Exercise directions: Each record, exactly as written, should be printed again.
============
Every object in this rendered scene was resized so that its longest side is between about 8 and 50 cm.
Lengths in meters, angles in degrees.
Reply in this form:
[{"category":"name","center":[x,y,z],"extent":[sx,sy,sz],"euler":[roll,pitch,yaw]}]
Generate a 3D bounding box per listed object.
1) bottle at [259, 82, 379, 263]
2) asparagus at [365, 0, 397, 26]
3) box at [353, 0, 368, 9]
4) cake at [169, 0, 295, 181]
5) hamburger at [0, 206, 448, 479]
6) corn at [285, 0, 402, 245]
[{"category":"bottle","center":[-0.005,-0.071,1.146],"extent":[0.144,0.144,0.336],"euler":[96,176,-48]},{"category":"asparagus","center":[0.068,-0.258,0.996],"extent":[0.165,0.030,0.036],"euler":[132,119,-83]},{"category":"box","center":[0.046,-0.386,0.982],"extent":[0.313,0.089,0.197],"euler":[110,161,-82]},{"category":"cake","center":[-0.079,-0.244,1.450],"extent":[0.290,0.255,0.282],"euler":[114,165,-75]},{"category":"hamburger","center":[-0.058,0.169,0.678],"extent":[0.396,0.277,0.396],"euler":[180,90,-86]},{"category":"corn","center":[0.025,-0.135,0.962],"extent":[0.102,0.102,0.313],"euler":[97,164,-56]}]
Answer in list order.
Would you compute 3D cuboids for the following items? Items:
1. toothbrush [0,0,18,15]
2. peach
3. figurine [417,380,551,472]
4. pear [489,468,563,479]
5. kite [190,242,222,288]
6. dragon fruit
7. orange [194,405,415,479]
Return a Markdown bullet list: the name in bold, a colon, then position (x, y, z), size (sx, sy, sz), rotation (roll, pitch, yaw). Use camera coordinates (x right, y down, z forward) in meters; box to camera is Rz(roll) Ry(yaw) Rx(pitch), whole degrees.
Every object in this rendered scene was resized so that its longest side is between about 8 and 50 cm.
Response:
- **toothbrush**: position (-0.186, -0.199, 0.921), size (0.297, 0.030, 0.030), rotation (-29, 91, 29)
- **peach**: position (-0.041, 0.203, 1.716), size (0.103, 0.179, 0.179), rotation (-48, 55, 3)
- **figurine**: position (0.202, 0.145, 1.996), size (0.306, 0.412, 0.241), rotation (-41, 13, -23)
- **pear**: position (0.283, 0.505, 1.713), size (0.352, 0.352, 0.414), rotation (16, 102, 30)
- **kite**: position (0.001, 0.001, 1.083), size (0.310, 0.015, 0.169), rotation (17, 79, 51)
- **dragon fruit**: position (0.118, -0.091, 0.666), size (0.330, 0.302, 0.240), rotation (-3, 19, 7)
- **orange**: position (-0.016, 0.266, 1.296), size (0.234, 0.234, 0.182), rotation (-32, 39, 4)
============
Written response:
Every object in this rendered scene was resized so that its longest side is between about 8 and 50 cm.
Lengths in meters, angles in degrees.
Reply in this form:
[{"category":"name","center":[x,y,z],"extent":[sx,sy,sz],"euler":[roll,pitch,yaw]}]
Generate a 3D bounding box per listed object.
1) bottle at [259, 82, 379, 263]
2) asparagus at [365, 0, 397, 26]
3) box at [353, 0, 368, 9]
4) cake at [169, 0, 295, 181]
5) hamburger at [0, 206, 448, 479]
6) corn at [285, 0, 402, 245]
[{"category":"bottle","center":[-0.005,-0.071,1.146],"extent":[0.144,0.144,0.336],"euler":[96,176,-48]},{"category":"asparagus","center":[0.068,-0.258,0.996],"extent":[0.165,0.030,0.036],"euler":[132,119,-83]},{"category":"box","center":[0.046,-0.386,0.982],"extent":[0.313,0.089,0.197],"euler":[110,161,-82]},{"category":"cake","center":[-0.079,-0.244,1.450],"extent":[0.290,0.255,0.282],"euler":[114,165,-75]},{"category":"hamburger","center":[-0.058,0.169,0.678],"extent":[0.396,0.277,0.396],"euler":[180,90,-86]},{"category":"corn","center":[0.025,-0.135,0.962],"extent":[0.102,0.102,0.313],"euler":[97,164,-56]}]
Answer in list order.
Would you compute 3D cuboids for the following items? Items:
1. toothbrush [0,0,18,15]
2. peach
3. figurine [417,380,551,472]
4. pear [489,468,563,479]
5. kite [190,242,222,288]
6. dragon fruit
7. orange [194,405,415,479]
Return a Markdown bullet list: the name in bold, a colon, then position (x, y, z), size (sx, sy, sz), rotation (roll, pitch, yaw). Use camera coordinates (x right, y down, z forward) in meters; box to camera is Rz(roll) Ry(yaw) Rx(pitch), whole degrees.
Every object in this rendered scene was resized so that its longest side is between about 8 and 50 cm.
Response:
- **toothbrush**: position (-0.186, -0.199, 0.921), size (0.297, 0.030, 0.030), rotation (-29, 91, 29)
- **peach**: position (-0.041, 0.203, 1.716), size (0.103, 0.179, 0.179), rotation (-48, 55, 3)
- **figurine**: position (0.202, 0.145, 1.996), size (0.306, 0.412, 0.241), rotation (-41, 13, -23)
- **pear**: position (0.283, 0.505, 1.713), size (0.352, 0.352, 0.414), rotation (16, 102, 30)
- **kite**: position (0.001, 0.001, 1.083), size (0.310, 0.015, 0.169), rotation (17, 79, 51)
- **dragon fruit**: position (0.118, -0.091, 0.666), size (0.330, 0.302, 0.240), rotation (-3, 19, 7)
- **orange**: position (-0.016, 0.266, 1.296), size (0.234, 0.234, 0.182), rotation (-32, 39, 4)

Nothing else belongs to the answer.